Labour TDs cold on leadership change

A change in leadership would not reverse the unpopularity of the Labour Party, its TDs maintain after the latest opinion poll showed it has just 6% of popular support — its lowest in more than 25 years.

Labour TDs cold on leadership change

The result was described as “unsettling” for the parliamentary party but the widespread feeling is that a knee-jerk reaction will not get the party anywhere.

TDs said they would await the next polls, due out at the end of October after the budget — to see how bad things are for the party and whether any drastic action is needed.

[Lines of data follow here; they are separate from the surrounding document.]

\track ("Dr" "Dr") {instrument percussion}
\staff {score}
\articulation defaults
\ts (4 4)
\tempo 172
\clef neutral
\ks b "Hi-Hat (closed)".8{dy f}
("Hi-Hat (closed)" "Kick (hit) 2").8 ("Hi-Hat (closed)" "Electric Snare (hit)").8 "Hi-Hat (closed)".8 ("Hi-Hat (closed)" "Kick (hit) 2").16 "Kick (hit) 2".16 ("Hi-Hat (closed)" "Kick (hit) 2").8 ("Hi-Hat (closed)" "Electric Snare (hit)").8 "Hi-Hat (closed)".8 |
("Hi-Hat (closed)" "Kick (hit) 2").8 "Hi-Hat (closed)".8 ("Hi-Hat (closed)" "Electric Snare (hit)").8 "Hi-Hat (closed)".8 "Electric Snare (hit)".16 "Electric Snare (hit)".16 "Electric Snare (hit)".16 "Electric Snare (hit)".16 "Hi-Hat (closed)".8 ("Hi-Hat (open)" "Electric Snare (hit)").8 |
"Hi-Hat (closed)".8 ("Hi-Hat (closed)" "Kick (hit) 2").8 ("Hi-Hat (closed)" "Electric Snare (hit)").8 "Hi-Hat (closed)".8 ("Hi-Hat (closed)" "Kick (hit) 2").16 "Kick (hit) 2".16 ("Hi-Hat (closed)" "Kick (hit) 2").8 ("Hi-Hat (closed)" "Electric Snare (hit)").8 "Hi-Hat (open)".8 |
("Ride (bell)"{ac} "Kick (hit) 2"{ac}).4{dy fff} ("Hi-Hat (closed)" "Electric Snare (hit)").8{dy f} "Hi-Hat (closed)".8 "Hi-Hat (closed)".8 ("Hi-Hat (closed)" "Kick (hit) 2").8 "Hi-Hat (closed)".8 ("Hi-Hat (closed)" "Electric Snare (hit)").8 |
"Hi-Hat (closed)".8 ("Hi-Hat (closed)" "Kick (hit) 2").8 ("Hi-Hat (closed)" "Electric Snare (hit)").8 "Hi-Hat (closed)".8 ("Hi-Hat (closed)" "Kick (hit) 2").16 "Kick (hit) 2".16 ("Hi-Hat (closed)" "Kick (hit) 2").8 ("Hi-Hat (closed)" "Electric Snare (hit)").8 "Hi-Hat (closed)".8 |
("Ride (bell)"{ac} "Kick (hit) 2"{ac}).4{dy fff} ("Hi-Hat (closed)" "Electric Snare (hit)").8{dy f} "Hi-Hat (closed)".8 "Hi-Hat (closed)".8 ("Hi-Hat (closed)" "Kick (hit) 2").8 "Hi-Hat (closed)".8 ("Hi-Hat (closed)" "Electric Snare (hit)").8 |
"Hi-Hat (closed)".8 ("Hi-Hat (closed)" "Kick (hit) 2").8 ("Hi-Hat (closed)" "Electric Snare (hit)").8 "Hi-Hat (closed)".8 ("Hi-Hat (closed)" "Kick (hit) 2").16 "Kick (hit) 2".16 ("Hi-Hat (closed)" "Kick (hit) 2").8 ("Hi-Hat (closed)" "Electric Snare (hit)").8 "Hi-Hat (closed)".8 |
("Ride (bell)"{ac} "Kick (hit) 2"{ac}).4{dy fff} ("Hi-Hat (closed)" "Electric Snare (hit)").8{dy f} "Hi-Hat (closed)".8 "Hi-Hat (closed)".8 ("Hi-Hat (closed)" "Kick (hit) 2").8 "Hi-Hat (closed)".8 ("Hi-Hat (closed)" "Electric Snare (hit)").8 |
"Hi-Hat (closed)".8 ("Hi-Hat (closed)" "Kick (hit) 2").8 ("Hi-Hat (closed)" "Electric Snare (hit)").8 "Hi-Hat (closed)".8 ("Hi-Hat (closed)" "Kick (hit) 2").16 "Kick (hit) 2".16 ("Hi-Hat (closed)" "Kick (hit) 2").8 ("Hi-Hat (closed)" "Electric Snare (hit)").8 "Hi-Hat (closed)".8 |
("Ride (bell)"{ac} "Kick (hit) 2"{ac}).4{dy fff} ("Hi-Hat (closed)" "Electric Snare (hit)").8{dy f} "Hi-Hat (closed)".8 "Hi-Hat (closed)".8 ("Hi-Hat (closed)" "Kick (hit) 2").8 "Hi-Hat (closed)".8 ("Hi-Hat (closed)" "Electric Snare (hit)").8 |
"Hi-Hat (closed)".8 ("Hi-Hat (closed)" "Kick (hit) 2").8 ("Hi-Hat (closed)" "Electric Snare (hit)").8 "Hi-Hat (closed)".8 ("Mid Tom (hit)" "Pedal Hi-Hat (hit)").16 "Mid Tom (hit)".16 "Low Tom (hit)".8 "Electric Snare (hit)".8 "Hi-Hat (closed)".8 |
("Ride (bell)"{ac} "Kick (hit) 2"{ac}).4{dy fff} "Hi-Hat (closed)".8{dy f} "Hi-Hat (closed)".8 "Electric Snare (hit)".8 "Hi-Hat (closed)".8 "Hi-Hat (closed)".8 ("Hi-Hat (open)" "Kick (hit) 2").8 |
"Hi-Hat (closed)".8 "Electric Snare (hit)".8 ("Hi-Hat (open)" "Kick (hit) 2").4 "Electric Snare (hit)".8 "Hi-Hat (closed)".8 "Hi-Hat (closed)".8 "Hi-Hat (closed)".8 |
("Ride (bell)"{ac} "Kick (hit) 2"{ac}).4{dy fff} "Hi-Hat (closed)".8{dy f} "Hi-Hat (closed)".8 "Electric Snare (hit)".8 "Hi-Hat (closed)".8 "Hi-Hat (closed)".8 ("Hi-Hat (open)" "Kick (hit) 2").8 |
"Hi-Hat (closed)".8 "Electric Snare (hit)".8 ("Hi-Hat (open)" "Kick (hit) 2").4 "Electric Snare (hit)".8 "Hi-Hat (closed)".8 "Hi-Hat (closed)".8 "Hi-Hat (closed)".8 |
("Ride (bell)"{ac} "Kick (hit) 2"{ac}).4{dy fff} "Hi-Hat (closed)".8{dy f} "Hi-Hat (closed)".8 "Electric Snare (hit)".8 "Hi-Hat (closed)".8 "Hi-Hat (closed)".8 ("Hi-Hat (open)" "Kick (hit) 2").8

There has been growing concern about Eamon Gilmore’s leadership of the party, which appears to be absorbing all the blame for the unpopular decisions made by both Labour and Fine Gael in coalition.

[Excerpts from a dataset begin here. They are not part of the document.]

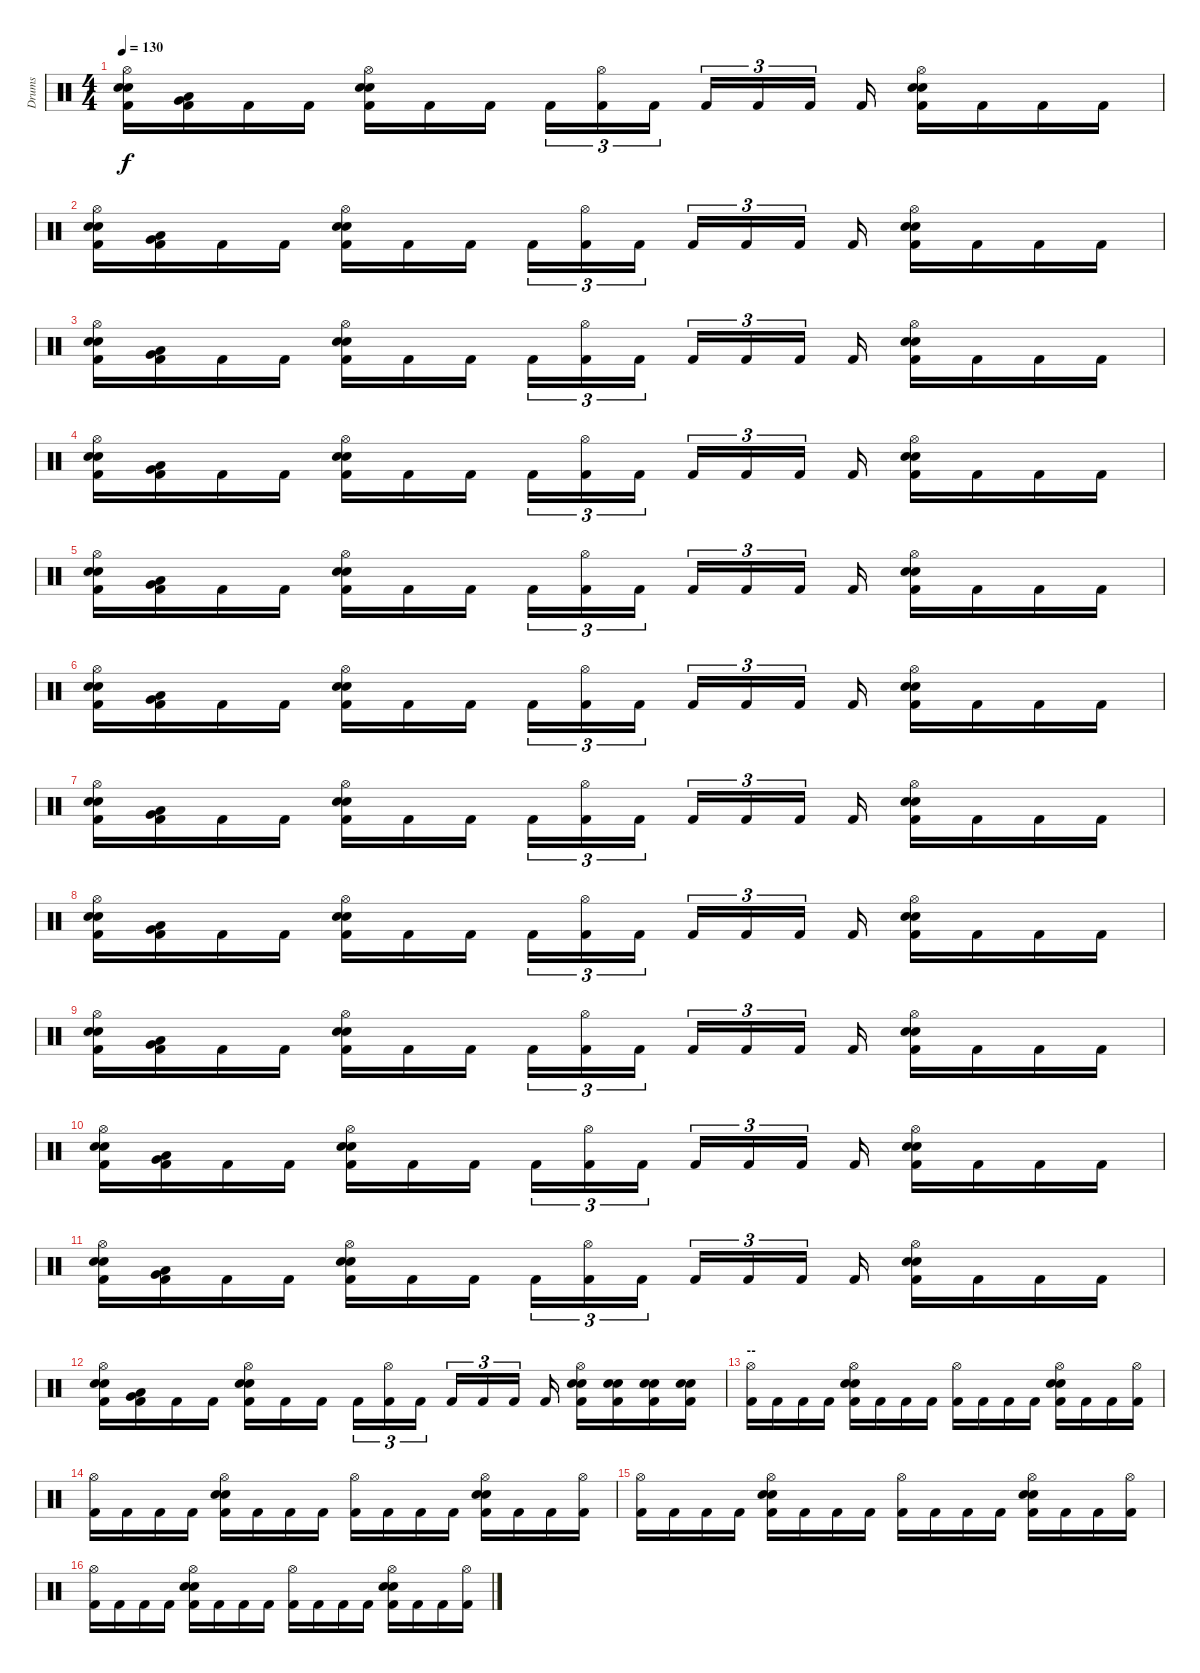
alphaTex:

\track ("Drums" "Drums") {instrument percussion}
\staff {score}
\articulation defaults
\ts (4 4)
\tempo 130
\clef neutral
\ks c
("Hi-Hat (open)" "Snare (hit) 2" "Electric Snare (hit)" "Kick (hit) 2").16{dy f} ("Very Low Tom (hit)" "Low Tom (hit)" "Kick (hit) 2").16 "Kick (hit) 2".16 "Kick (hit) 2".16 ("Hi-Hat (open)" "Snare (hit) 2" "Electric Snare (hit)" "Kick (hit) 2").16 "Kick (hit) 2".16 "Kick (hit) 2".16 "Kick (hit) 2".16{tu (3 2)} ("Hi-Hat (open)" "Kick (hit) 2").16{tu (3 2)} "Kick (hit) 2".16{tu (3 2)} "Kick (hit) 2".16{tu (3 2)} "Kick (hit) 2".16{tu (3 2)} "Kick (hit) 2".16{tu (3 2)} "Kick (hit) 2".16 ("Hi-Hat (open)" "Snare (hit) 2" "Electric Snare (hit)" "Kick (hit) 2").16 "Kick (hit) 2".16 "Kick (hit) 2".16 "Kick (hit) 2".16 |
("Hi-Hat (open)" "Snare (hit) 2" "Electric Snare (hit)" "Kick (hit) 2").16 ("Very Low Tom (hit)" "Low Tom (hit)" "Kick (hit) 2").16 "Kick (hit) 2".16 "Kick (hit) 2".16 ("Hi-Hat (open)" "Snare (hit) 2" "Electric Snare (hit)" "Kick (hit) 2").16 "Kick (hit) 2".16 "Kick (hit) 2".16 "Kick (hit) 2".16{tu (3 2)} ("Hi-Hat (open)" "Kick (hit) 2").16{tu (3 2)} "Kick (hit) 2".16{tu (3 2)} "Kick (hit) 2".16{tu (3 2)} "Kick (hit) 2".16{tu (3 2)} "Kick (hit) 2".16{tu (3 2)} "Kick (hit) 2".16 ("Hi-Hat (open)" "Snare (hit) 2" "Electric Snare (hit)" "Kick (hit) 2").16 "Kick (hit) 2".16 "Kick (hit) 2".16 "Kick (hit) 2".16 |
("Hi-Hat (open)" "Snare (hit) 2" "Electric Snare (hit)" "Kick (hit) 2").16 ("Very Low Tom (hit)" "Low Tom (hit)" "Kick (hit) 2").16 "Kick (hit) 2".16 "Kick (hit) 2".16 ("Hi-Hat (open)" "Snare (hit) 2" "Electric Snare (hit)" "Kick (hit) 2").16 "Kick (hit) 2".16 "Kick (hit) 2".16 "Kick (hit) 2".16{tu (3 2)} ("Hi-Hat (open)" "Kick (hit) 2").16{tu (3 2)} "Kick (hit) 2".16{tu (3 2)} "Kick (hit) 2".16{tu (3 2)} "Kick (hit) 2".16{tu (3 2)} "Kick (hit) 2".16{tu (3 2)} "Kick (hit) 2".16 ("Hi-Hat (open)" "Snare (hit) 2" "Electric Snare (hit)" "Kick (hit) 2").16 "Kick (hit) 2".16 "Kick (hit) 2".16 "Kick (hit) 2".16 |
("Hi-Hat (open)" "Snare (hit) 2" "Electric Snare (hit)" "Kick (hit) 2").16 ("Very Low Tom (hit)" "Low Tom (hit)" "Kick (hit) 2").16 "Kick (hit) 2".16 "Kick (hit) 2".16 ("Hi-Hat (open)" "Snare (hit) 2" "Electric Snare (hit)" "Kick (hit) 2").16 "Kick (hit) 2".16 "Kick (hit) 2".16 "Kick (hit) 2".16{tu (3 2)} ("Hi-Hat (open)" "Kick (hit) 2").16{tu (3 2)} "Kick (hit) 2".16{tu (3 2)} "Kick (hit) 2".16{tu (3 2)} "Kick (hit) 2".16{tu (3 2)} "Kick (hit) 2".16{tu (3 2)} "Kick (hit) 2".16 ("Hi-Hat (open)" "Snare (hit) 2" "Electric Snare (hit)" "Kick (hit) 2").16 "Kick (hit) 2".16 "Kick (hit) 2".16 "Kick (hit) 2".16 |
("Hi-Hat (open)" "Snare (hit) 2" "Electric Snare (hit)" "Kick (hit) 2").16 ("Very Low Tom (hit)" "Low Tom (hit)" "Kick (hit) 2").16 "Kick (hit) 2".16 "Kick (hit) 2".16 ("Hi-Hat (open)" "Snare (hit) 2" "Electric Snare (hit)" "Kick (hit) 2").16 "Kick (hit) 2".16 "Kick (hit) 2".16 "Kick (hit) 2".16{tu (3 2)} ("Hi-Hat (open)" "Kick (hit) 2").16{tu (3 2)} "Kick (hit) 2".16{tu (3 2)} "Kick (hit) 2".16{tu (3 2)} "Kick (hit) 2".16{tu (3 2)} "Kick (hit) 2".16{tu (3 2)} "Kick (hit) 2".16 ("Hi-Hat (open)" "Snare (hit) 2" "Electric Snare (hit)" "Kick (hit) 2").16 "Kick (hit) 2".16 "Kick (hit) 2".16 "Kick (hit) 2".16 |
("Hi-Hat (open)" "Snare (hit) 2" "Electric Snare (hit)" "Kick (hit) 2").16 ("Very Low Tom (hit)" "Low Tom (hit)" "Kick (hit) 2").16 "Kick (hit) 2".16 "Kick (hit) 2".16 ("Hi-Hat (open)" "Snare (hit) 2" "Electric Snare (hit)" "Kick (hit) 2").16 "Kick (hit) 2".16 "Kick (hit) 2".16 "Kick (hit) 2".16{tu (3 2)} ("Hi-Hat (open)" "Kick (hit) 2").16{tu (3 2)} "Kick (hit) 2".16{tu (3 2)} "Kick (hit) 2".16{tu (3 2)} "Kick (hit) 2".16{tu (3 2)} "Kick (hit) 2".16{tu (3 2)} "Kick (hit) 2".16 ("Hi-Hat (open)" "Snare (hit) 2" "Electric Snare (hit)" "Kick (hit) 2").16 "Kick (hit) 2".16 "Kick (hit) 2".16 "Kick (hit) 2".16 |
("Hi-Hat (open)" "Snare (hit) 2" "Electric Snare (hit)" "Kick (hit) 2").16 ("Very Low Tom (hit)" "Low Tom (hit)" "Kick (hit) 2").16 "Kick (hit) 2".16 "Kick (hit) 2".16 ("Hi-Hat (open)" "Snare (hit) 2" "Electric Snare (hit)" "Kick (hit) 2").16 "Kick (hit) 2".16 "Kick (hit) 2".16 "Kick (hit) 2".16{tu (3 2)} ("Hi-Hat (open)" "Kick (hit) 2").16{tu (3 2)} "Kick (hit) 2".16{tu (3 2)} "Kick (hit) 2".16{tu (3 2)} "Kick (hit) 2".16{tu (3 2)} "Kick (hit) 2".16{tu (3 2)} "Kick (hit) 2".16 ("Hi-Hat (open)" "Snare (hit) 2" "Electric Snare (hit)" "Kick (hit) 2").16 "Kick (hit) 2".16 "Kick (hit) 2".16 "Kick (hit) 2".16 |
("Hi-Hat (open)" "Snare (hit) 2" "Electric Snare (hit)" "Kick (hit) 2").16 ("Very Low Tom (hit)" "Low Tom (hit)" "Kick (hit) 2").16 "Kick (hit) 2".16 "Kick (hit) 2".16 ("Hi-Hat (open)" "Snare (hit) 2" "Electric Snare (hit)" "Kick (hit) 2").16 "Kick (hit) 2".16 "Kick (hit) 2".16 "Kick (hit) 2".16{tu (3 2)} ("Hi-Hat (open)" "Kick (hit) 2").16{tu (3 2)} "Kick (hit) 2".16{tu (3 2)} "Kick (hit) 2".16{tu (3 2)} "Kick (hit) 2".16{tu (3 2)} "Kick (hit) 2".16{tu (3 2)} "Kick (hit) 2".16 ("Hi-Hat (open)" "Snare (hit) 2" "Electric Snare (hit)" "Kick (hit) 2").16 "Kick (hit) 2".16 "Kick (hit) 2".16 "Kick (hit) 2".16 |
("Hi-Hat (open)" "Snare (hit) 2" "Electric Snare (hit)" "Kick (hit) 2").16 ("Very Low Tom (hit)" "Low Tom (hit)" "Kick (hit) 2").16 "Kick (hit) 2".16 "Kick (hit) 2".16 ("Hi-Hat (open)" "Snare (hit) 2" "Electric Snare (hit)" "Kick (hit) 2").16 "Kick (hit) 2".16 "Kick (hit) 2".16 "Kick (hit) 2".16{tu (3 2)} ("Hi-Hat (open)" "Kick (hit) 2").16{tu (3 2)} "Kick (hit) 2".16{tu (3 2)} "Kick (hit) 2".16{tu (3 2)} "Kick (hit) 2".16{tu (3 2)} "Kick (hit) 2".16{tu (3 2)} "Kick (hit) 2".16 ("Hi-Hat (open)" "Snare (hit) 2" "Electric Snare (hit)" "Kick (hit) 2").16 "Kick (hit) 2".16 "Kick (hit) 2".16 "Kick (hit) 2".16 |
("Hi-Hat (open)" "Snare (hit) 2" "Electric Snare (hit)" "Kick (hit) 2").16 ("Very Low Tom (hit)" "Low Tom (hit)" "Kick (hit) 2").16 "Kick (hit) 2".16 "Kick (hit) 2".16 ("Hi-Hat (open)" "Snare (hit) 2" "Electric Snare (hit)" "Kick (hit) 2").16 "Kick (hit) 2".16 "Kick (hit) 2".16 "Kick (hit) 2".16{tu (3 2)} ("Hi-Hat (open)" "Kick (hit) 2").16{tu (3 2)} "Kick (hit) 2".16{tu (3 2)} "Kick (hit) 2".16{tu (3 2)} "Kick (hit) 2".16{tu (3 2)} "Kick (hit) 2".16{tu (3 2)} "Kick (hit) 2".16 ("Hi-Hat (open)" "Snare (hit) 2" "Electric Snare (hit)" "Kick (hit) 2").16 "Kick (hit) 2".16 "Kick (hit) 2".16 "Kick (hit) 2".16 |
("Hi-Hat (open)" "Snare (hit) 2" "Electric Snare (hit)" "Kick (hit) 2").16 ("Very Low Tom (hit)" "Low Tom (hit)" "Kick (hit) 2").16 "Kick (hit) 2".16 "Kick (hit) 2".16 ("Hi-Hat (open)" "Snare (hit) 2" "Electric Snare (hit)" "Kick (hit) 2").16 "Kick (hit) 2".16 "Kick (hit) 2".16 "Kick (hit) 2".16{tu (3 2)} ("Hi-Hat (open)" "Kick (hit) 2").16{tu (3 2)} "Kick (hit) 2".16{tu (3 2)} "Kick (hit) 2".16{tu (3 2)} "Kick (hit) 2".16{tu (3 2)} "Kick (hit) 2".16{tu (3 2)} "Kick (hit) 2".16 ("Hi-Hat (open)" "Snare (hit) 2" "Electric Snare (hit)" "Kick (hit) 2").16 "Kick (hit) 2".16 "Kick (hit) 2".16 "Kick (hit) 2".16 |
("Hi-Hat (open)" "Snare (hit) 2" "Electric Snare (hit)" "Kick (hit) 2").16 ("Very Low Tom (hit)" "Low Tom (hit)" "Kick (hit) 2").16 "Kick (hit) 2".16 "Kick (hit) 2".16 ("Hi-Hat (open)" "Snare (hit) 2" "Electric Snare (hit)" "Kick (hit) 2").16 "Kick (hit) 2".16 "Kick (hit) 2".16 "Kick (hit) 2".16{tu (3 2)} ("Hi-Hat (open)" "Kick (hit) 2").16{tu (3 2)} "Kick (hit) 2".16{tu (3 2)} "Kick (hit) 2".16{tu (3 2)} "Kick (hit) 2".16{tu (3 2)} "Kick (hit) 2".16{tu (3 2)} "Kick (hit) 2".16 ("Hi-Hat (open)" "Snare (hit) 2" "Electric Snare (hit)" "Kick (hit) 2").16 ("Snare (hit) 2" "Electric Snare (hit)" "Kick (hit) 2").16 ("Snare (hit) 2" "Electric Snare (hit)" "Kick (hit) 2").16 ("Snare (hit) 2" "Electric Snare (hit)" "Kick (hit) 2").16 |
\section ("" "--")
("Hi-Hat (open)" "Kick (hit) 2").16 "Kick (hit) 2".16 "Kick (hit) 2".16 "Kick (hit) 2".16 ("Hi-Hat (open)" "Snare (hit) 2" "Electric Snare (hit)" "Kick (hit) 2").16 "Kick (hit) 2".16 "Kick (hit) 2".16 "Kick (hit) 2".16 ("Hi-Hat (open)" "Kick (hit) 2").16 "Kick (hit) 2".16 "Kick (hit) 2".16 "Kick (hit) 2".16 ("Hi-Hat (open)" "Snare (hit) 2" "Electric Snare (hit)" "Kick (hit) 2").16 "Kick (hit) 2".16 "Kick (hit) 2".16 ("Hi-Hat (open)" "Kick (hit) 2").16 |
("Hi-Hat (open)" "Kick (hit) 2").16 "Kick (hit) 2".16 "Kick (hit) 2".16 "Kick (hit) 2".16 ("Hi-Hat (open)" "Snare (hit) 2" "Electric Snare (hit)" "Kick (hit) 2").16 "Kick (hit) 2".16 "Kick (hit) 2".16 "Kick (hit) 2".16 ("Hi-Hat (open)" "Kick (hit) 2").16 "Kick (hit) 2".16 "Kick (hit) 2".16 "Kick (hit) 2".16 ("Hi-Hat (open)" "Snare (hit) 2" "Electric Snare (hit)" "Kick (hit) 2").16 "Kick (hit) 2".16 "Kick (hit) 2".16 ("Hi-Hat (open)" "Kick (hit) 2").16 |
("Hi-Hat (open)" "Kick (hit) 2").16 "Kick (hit) 2".16 "Kick (hit) 2".16 "Kick (hit) 2".16 ("Hi-Hat (open)" "Snare (hit) 2" "Electric Snare (hit)" "Kick (hit) 2").16 "Kick (hit) 2".16 "Kick (hit) 2".16 "Kick (hit) 2".16 ("Hi-Hat (open)" "Kick (hit) 2").16 "Kick (hit) 2".16 "Kick (hit) 2".16 "Kick (hit) 2".16 ("Hi-Hat (open)" "Snare (hit) 2" "Electric Snare (hit)" "Kick (hit) 2").16 "Kick (hit) 2".16 "Kick (hit) 2".16 ("Hi-Hat (open)" "Kick (hit) 2").16 |
("Hi-Hat (open)" "Kick (hit) 2").16 "Kick (hit) 2".16 "Kick (hit) 2".16 "Kick (hit) 2".16 ("Hi-Hat (open)" "Snare (hit) 2" "Electric Snare (hit)" "Kick (hit) 2").16 "Kick (hit) 2".16 "Kick (hit) 2".16 "Kick (hit) 2".16 ("Hi-Hat (open)" "Kick (hit) 2").16 "Kick (hit) 2".16 "Kick (hit) 2".16 "Kick (hit) 2".16 ("Hi-Hat (open)" "Snare (hit) 2" "Electric Snare (hit)" "Kick (hit) 2").16 "Kick (hit) 2".16 "Kick (hit) 2".16 ("Hi-Hat (open)" "Kick (hit) 2").16

However, there was no appetite to replace him among party TDs.

“What we are doing in Government is not going to change because the leader changes. It is not going to change the outcome of where we are economically,” said Dublin South East TD Kevin Humphreys.

His colleague Joanna Tuffy said the latest MRBI poll has to be taken with two other polls in the past week which showed the party at 10% and 11%.

“I do think it needs to be taken seriously but I don’t think we can immediately come up with the answer to it,” she said. “I don’t think we will solve the problem by blaming the leader.”

Another TD, Ann Phelan from Kilkenny, said “some may feel” it is time to change leader but “I don’t think it’s time to change the leader at this particular stage — there is nothing to be achieved at this stage by changing the leader”.

Kerry North TD Arthur Spring said Mr Gilmore should leave the Department of Foreign Affairs to take up a domestic portfolio in a cabinet reshuffle.

Asked by Sean O’Rourke on RTÉ radio if the leader should take a cabinet position which would allow him spend more time in Ireland, Mr Spring said: “There a simple answer to that… yes.”

Research Minister Sean Sherlock said the Coalition is midway through its term and “it’s fair to say that the burden of blame has not been shared between the two parties in Government”.

The Cork East TD said: “There is a sense coming up to the local elections that a result like this will cause jitters among the party, and potential candidates.”

But he said: “We are the oldest party in the State and we are not going anywhere any time soon.”

The poll also shows a Fine Gael up two points to 26%, Fianna Fáil down four points to 22%, Sinn Féin is up two to 23%, and Independents are up three to 21%.